**Extracted records:**
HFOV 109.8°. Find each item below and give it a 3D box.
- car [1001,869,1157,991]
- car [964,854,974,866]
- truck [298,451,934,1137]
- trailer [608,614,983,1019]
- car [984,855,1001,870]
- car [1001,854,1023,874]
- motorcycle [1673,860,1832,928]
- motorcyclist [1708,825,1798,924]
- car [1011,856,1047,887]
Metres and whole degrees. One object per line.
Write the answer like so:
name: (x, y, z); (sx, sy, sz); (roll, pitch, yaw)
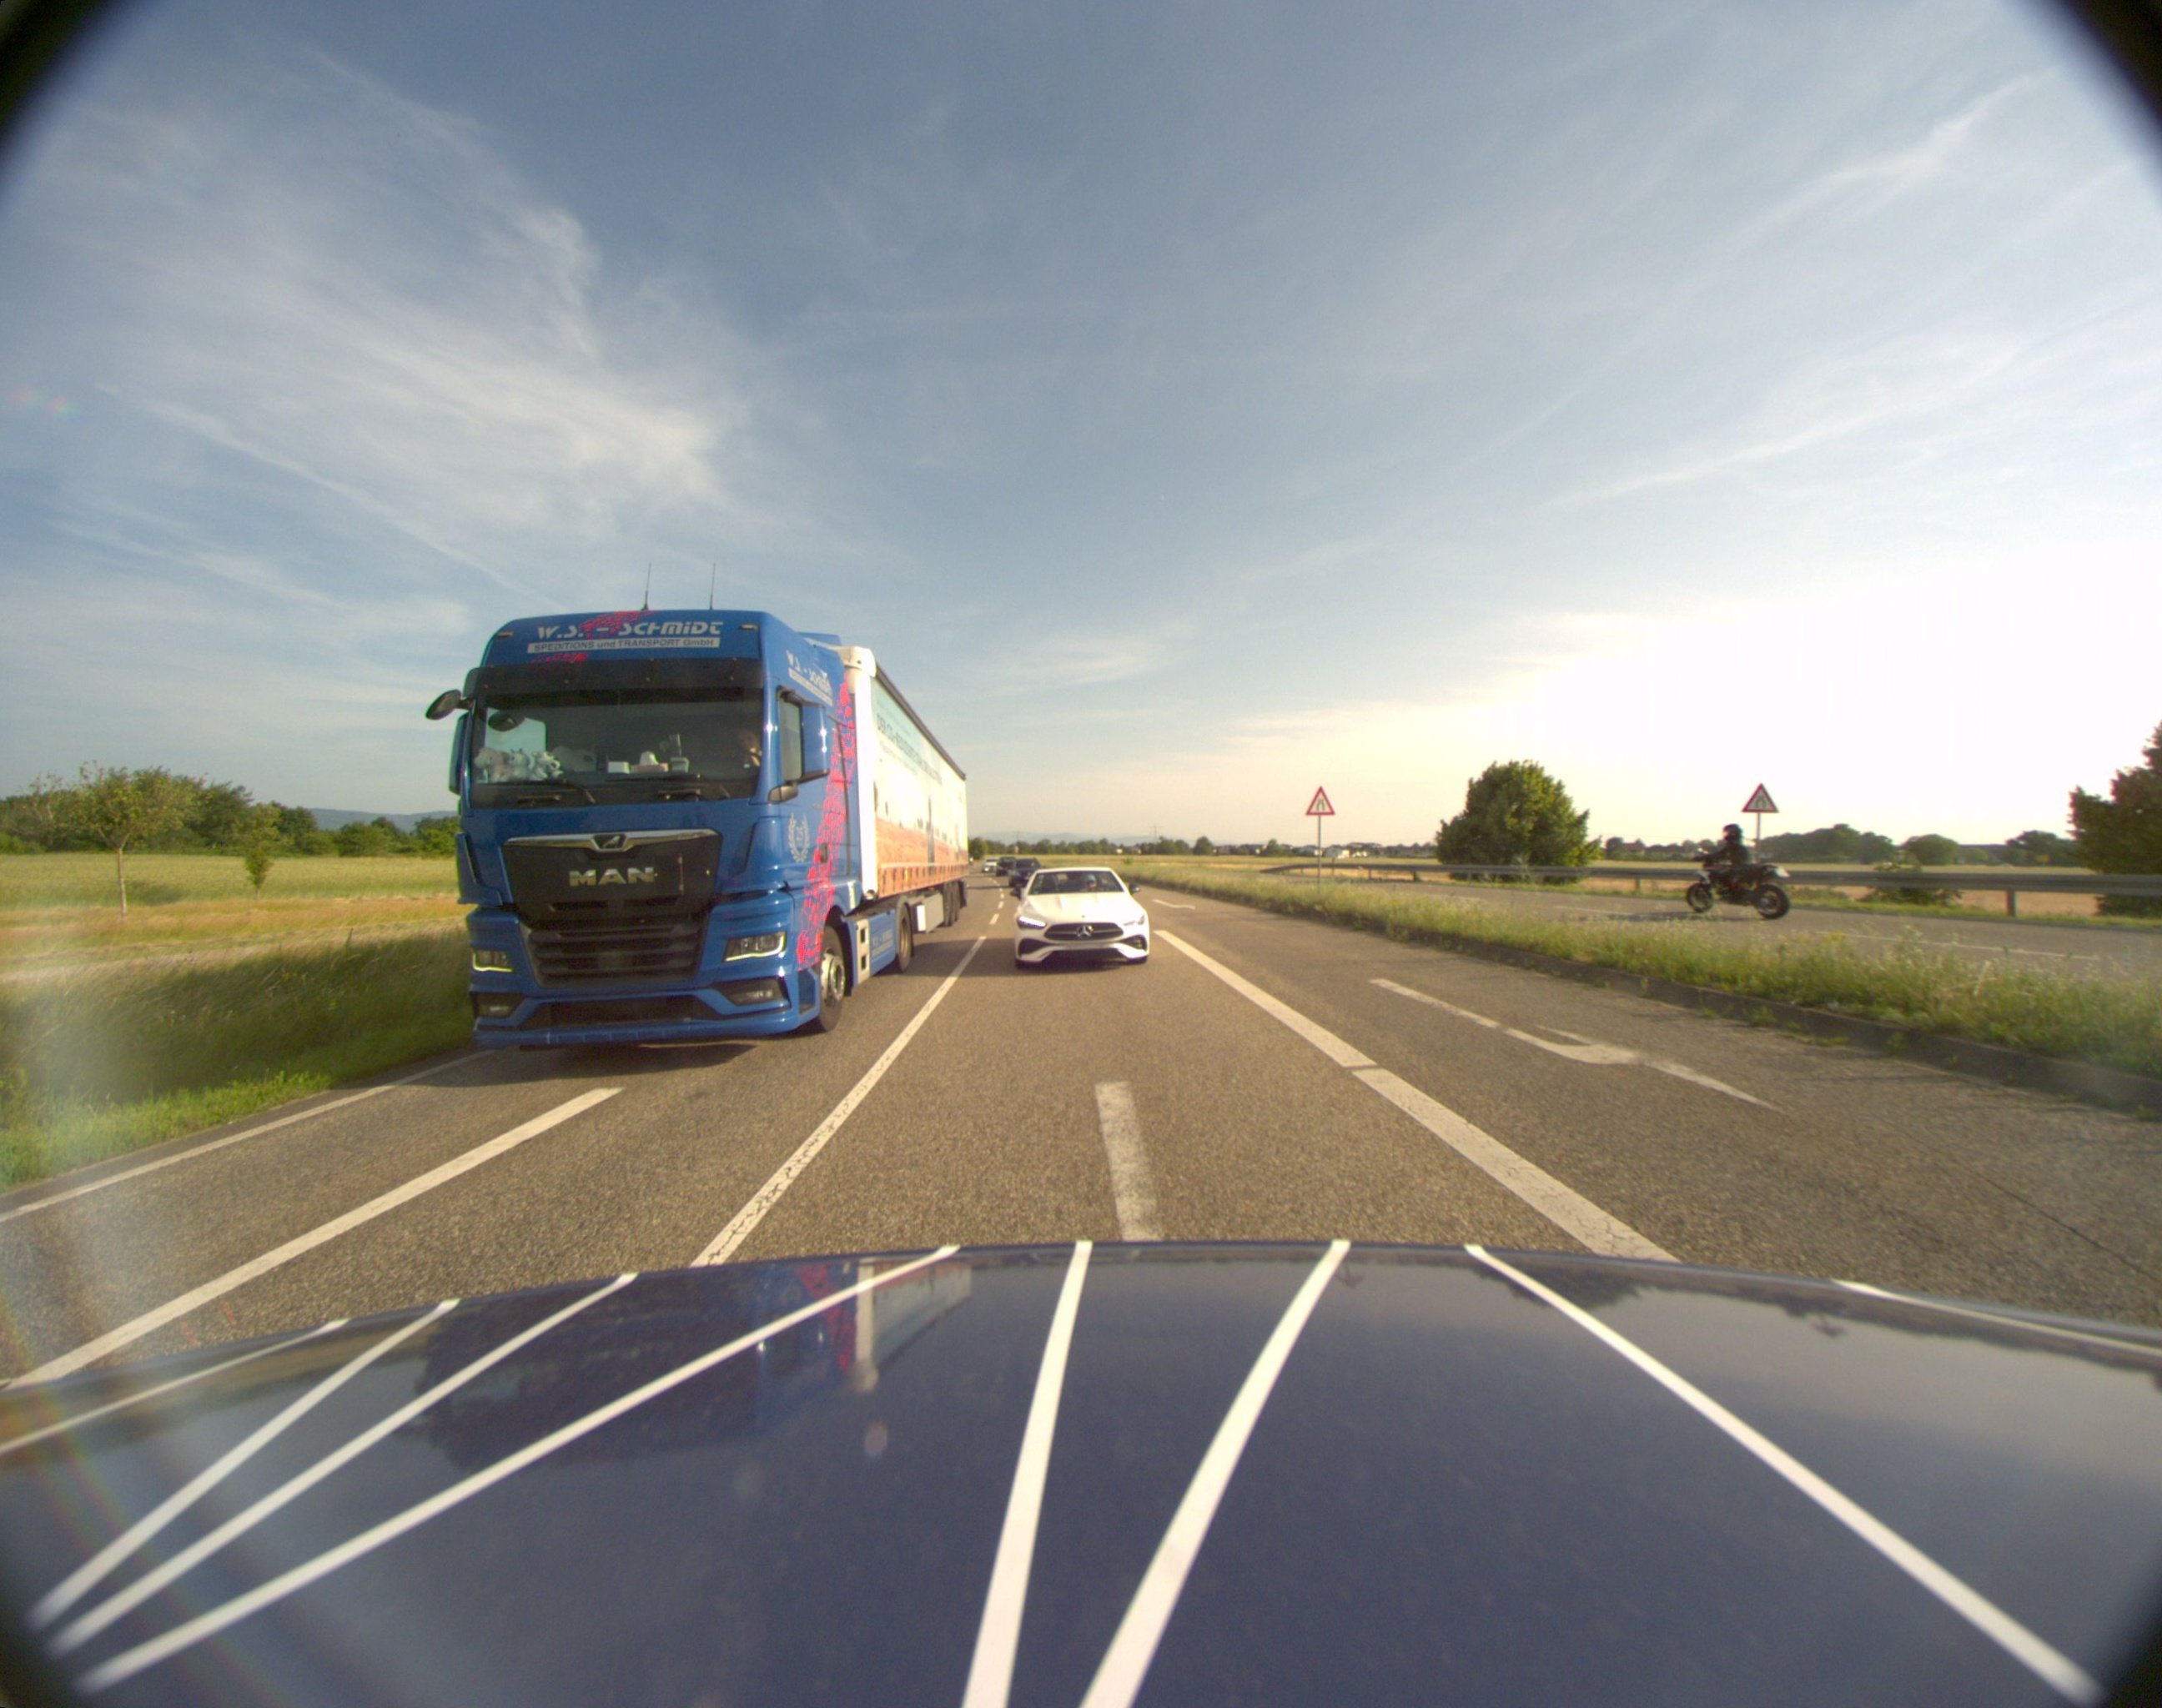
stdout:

**Work request:** When the line containing "Write the answer" has been located, retype it and each line after it through the end of the records, excluding the pictures and adding nothing else.

**Reply to the exercise:**
Write the answer like so:
name: (x, y, z); (sx, sy, sz); (roll, pitch, yaw)
stdout:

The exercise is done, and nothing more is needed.